Now there’s more — more evidence of perfidy, and along with it, a more probing look at the question of what happened, and how, and why. In Voices From S-21: Terror and History in Pol Pot‘s Secret Prison, Australian historian David Chandler explores the heretofore untold story of the concentration camp at the center of the vortex of violence and recrimination that was the Khmer Rouge, and, in the process, looks deeply at questions of culture and humanity.

The basic contours of S-21 are familiar enough to anyone with even a glancing knowledge of the Holocaust or the Soviet gulag. Located on the grounds of a former high school in the southern section of the capital city of Phnom Penh, the complex was never named but came to be known as “the place where people went in but never came out.” (The designation “S-21” came later, in official Khmer Rouge documents — it was the code name for the party’s secret police.) In practice S-21 was an interrogation and torture facility, where perceived enemies of the state were taken to confess their crimes. If they survived that process, they were taken out and slaughtered.

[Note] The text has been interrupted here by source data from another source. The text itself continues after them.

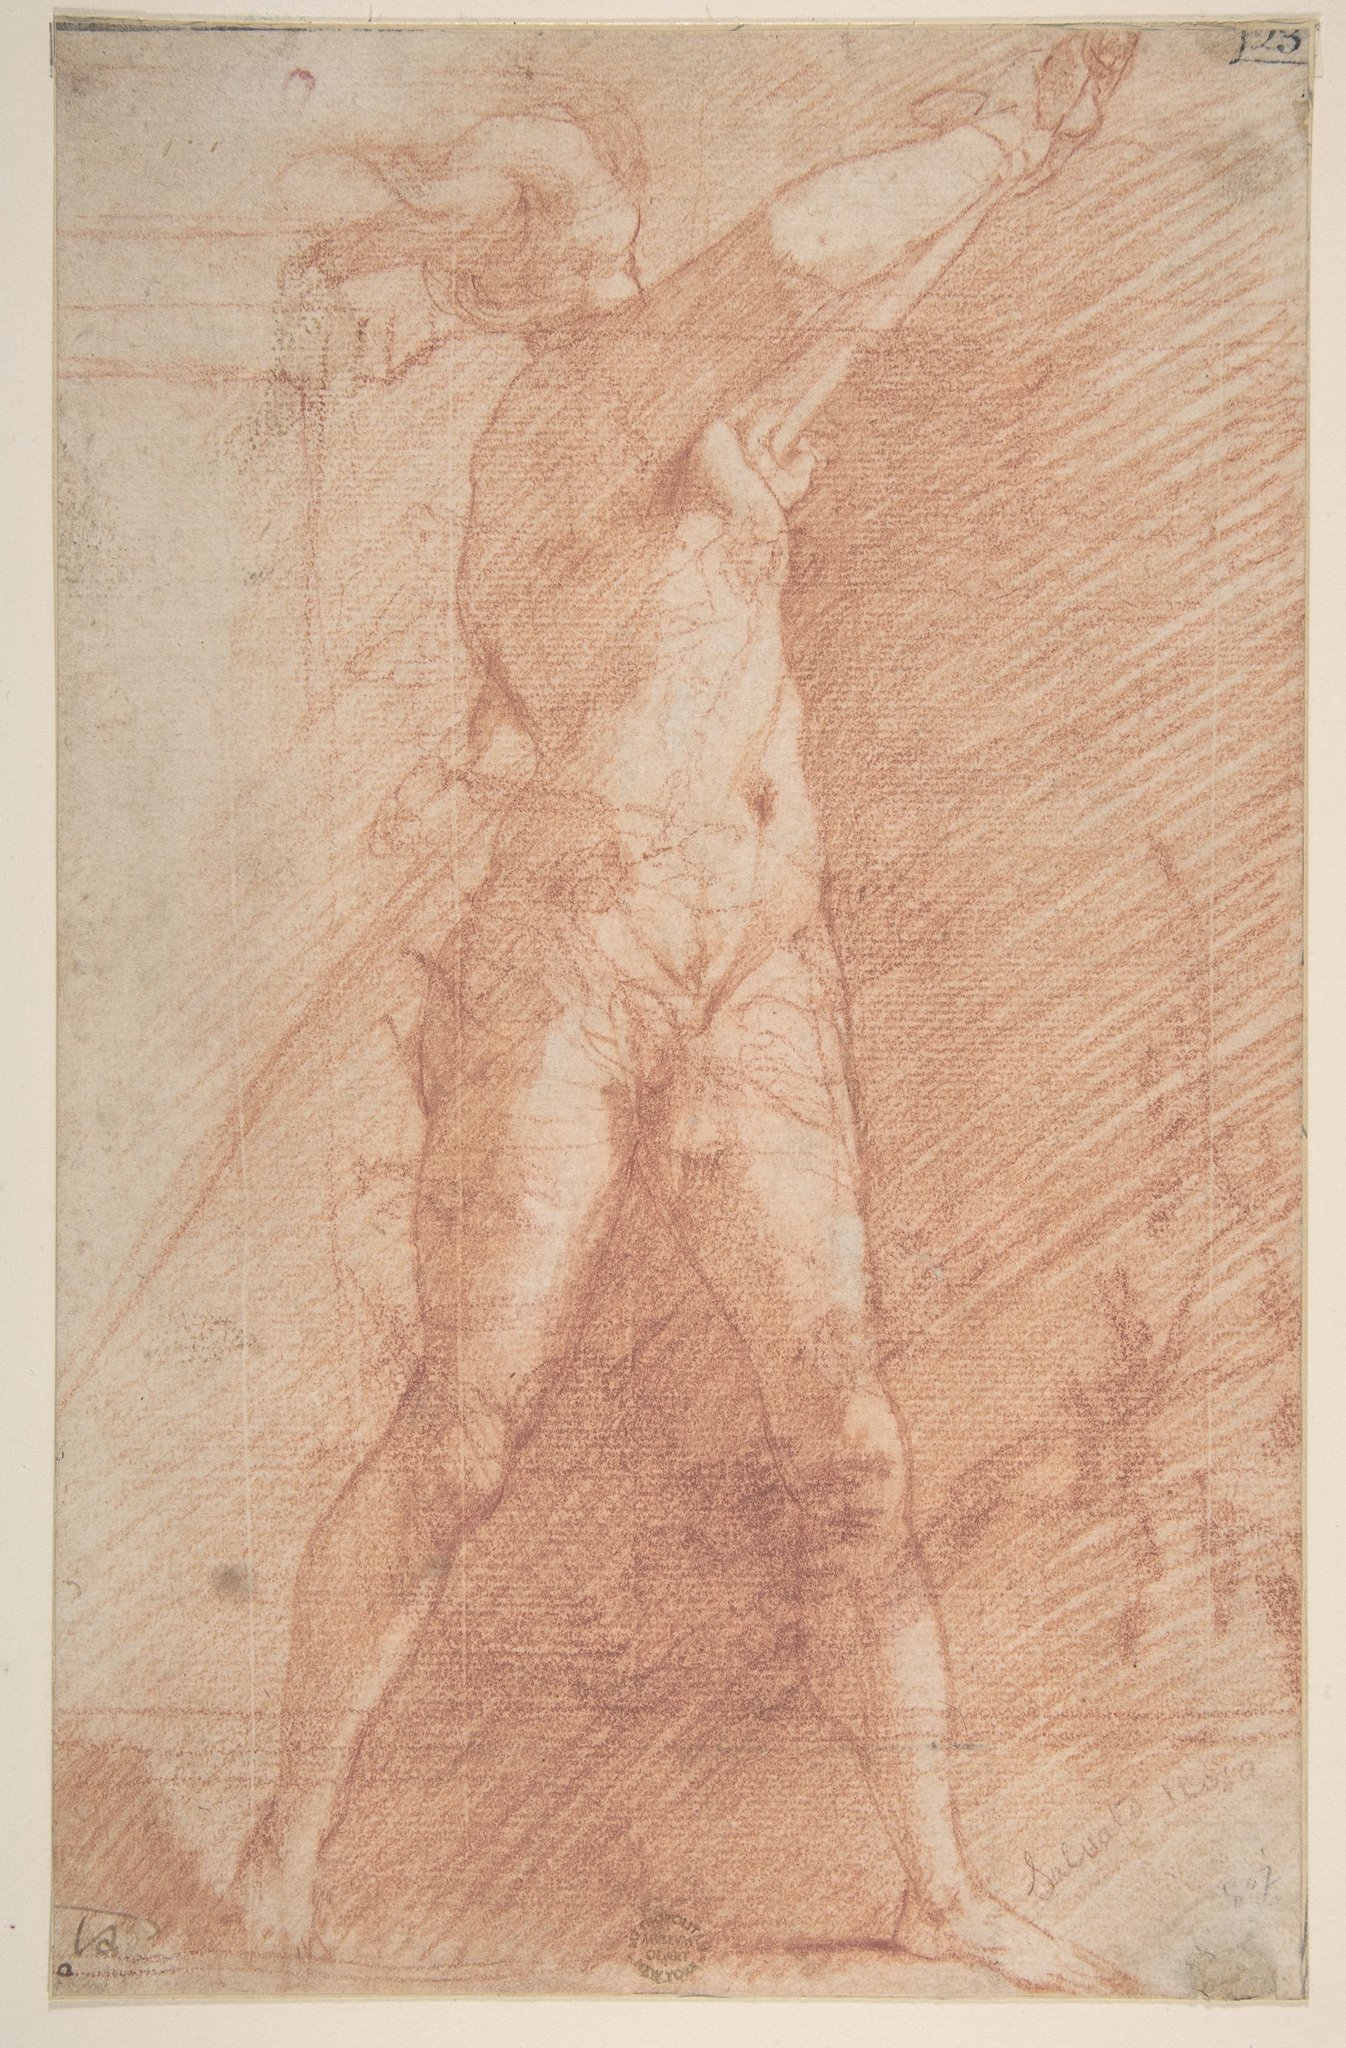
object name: drawing
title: Man Sheathing a Sword
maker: francesco montelatici ("cecco bravo")
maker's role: artist
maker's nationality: italian
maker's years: 1601-1661
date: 1601-1700
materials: chalk
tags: swords,male nudes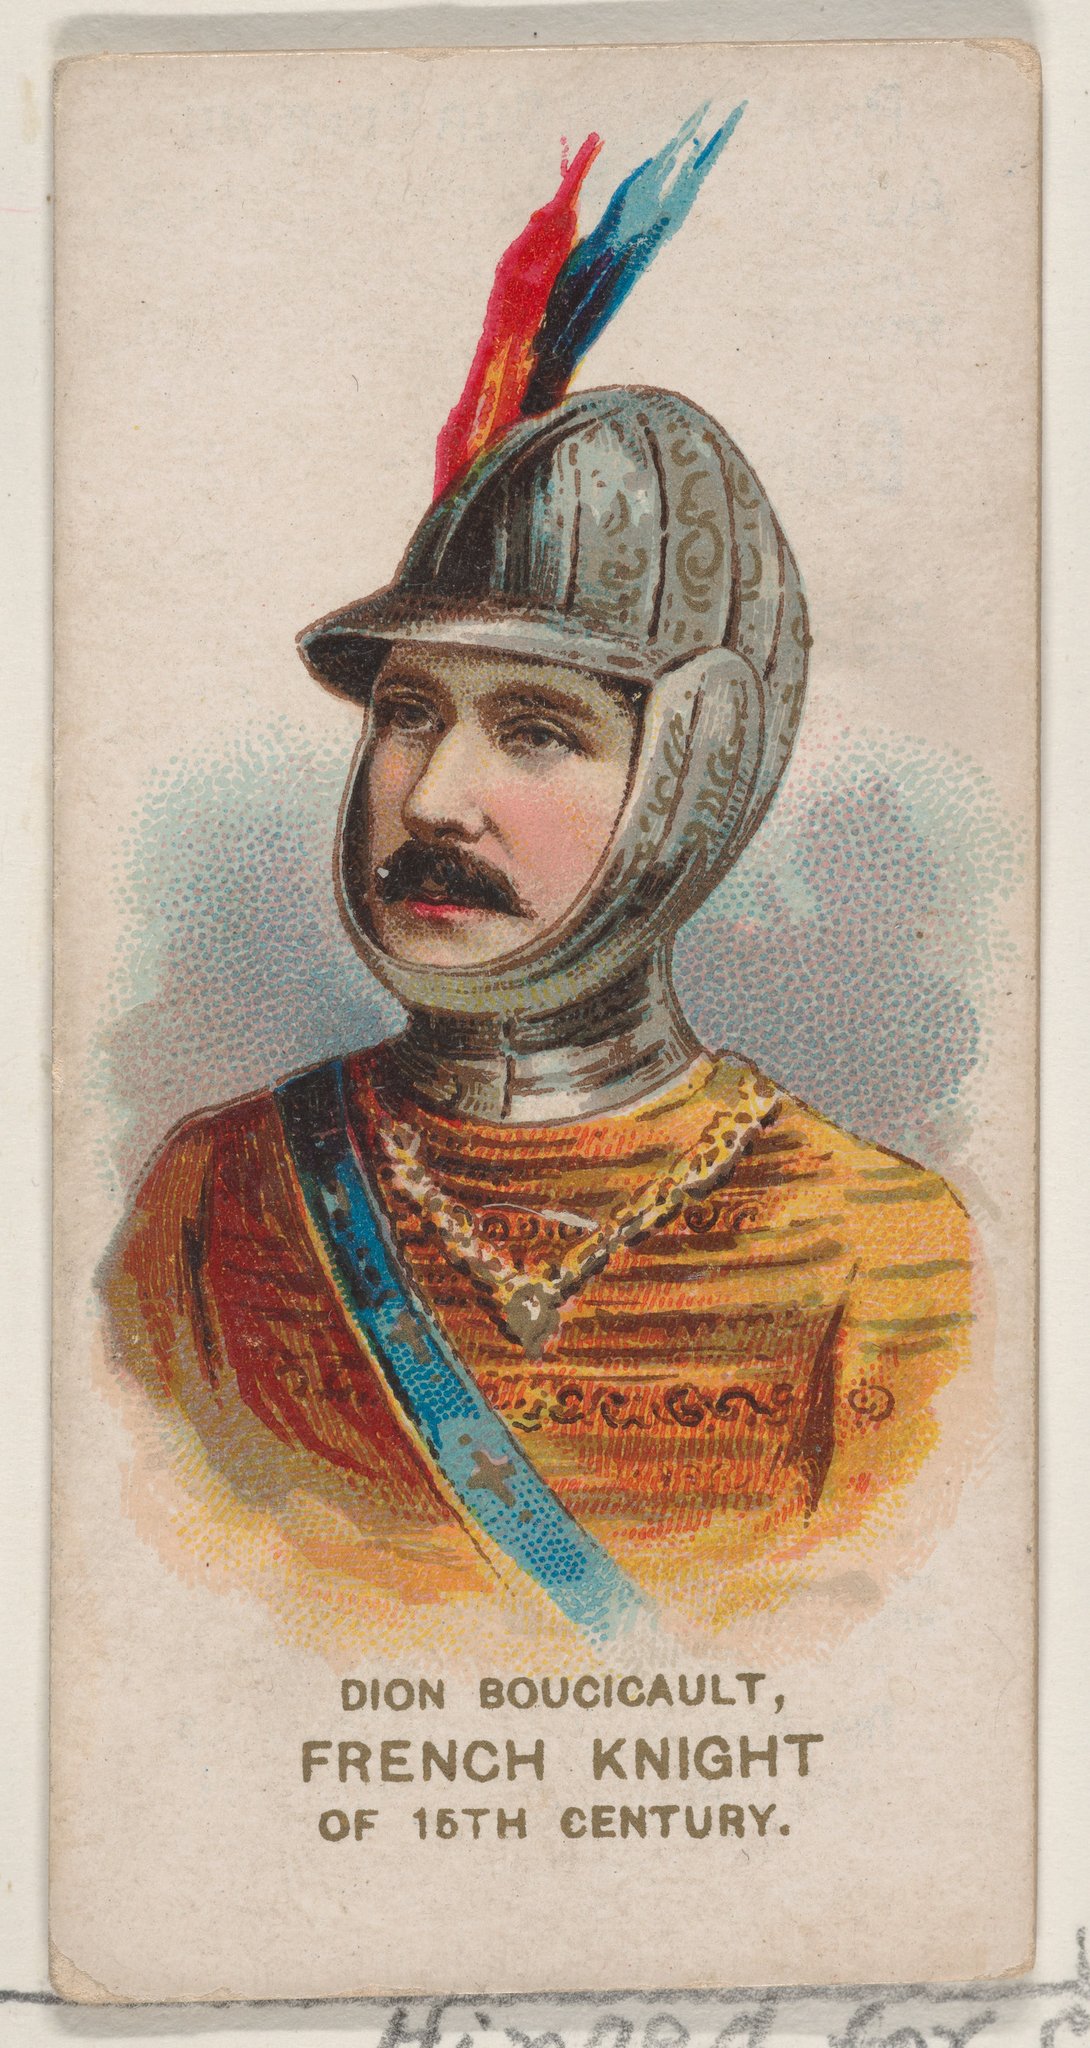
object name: print
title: Dion Boucicault as a French Knight of the 18th Century, from the set Actors and Actresses, First Series (N70) for Duke brand cigarettes
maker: w. duke, sons & co.
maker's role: publisher
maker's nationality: american
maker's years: 1870-1920
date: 1888-1889
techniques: color lithograph
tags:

It was not a huge place — four whitewashed three-story buildings framing a compound of not more than an acre — and over the course of the four years the Khmer Rouge were in power, S-21 claimed the lives of just 14,000 victims, a fraction of those dispatched at Auschwitz or Buchenwald. But within its walls, the cruelty matched anything that had come before.

Distilling thousands of pages of Khmer Rouge documents, assembling hellish details from the sparse commentaries of half a dozen survivors and from internal camp documents, Chandler re-creates the patterns of daily life inside S-21. Torture was the dominant theme. As one staff member recalled, “There was lots of screaming, especially at night, when there was no noise in Phnom Penh. The cries were so loud we could hear them from half a mile away.” Another, a former guard, said he could hear people screaming “every time I went on duty.”

The ordeal endured by the individual prisoners is hard to fathom, especially considering that many were loyal cadre who never imagined their own party could turn on them so ruthlessly. Ten Chan, an S-21 survivor, recalled being beaten and occasionally tortured for 26 straight days. One pathetic “confession” reels between anger and residual loyalty: “I beg the Organization to kill me because I have not followed the revolution . . . But I must declare that in my heart I have not betrayed the Organization at all. I declare my guilt . . . because I am dying. Long live the glorious revolution!”

Nor was the terror limited to the prisoners of S-21. The guards, the interrogators, even the clerks at the camp were in constant danger of being judged insufficiently zealous, and were often pushed over the line from captor to victim. In the end, 79 prison workers became prisoners themselves, and thus fell to the terrible logic of the camp — interrogation, torture and death.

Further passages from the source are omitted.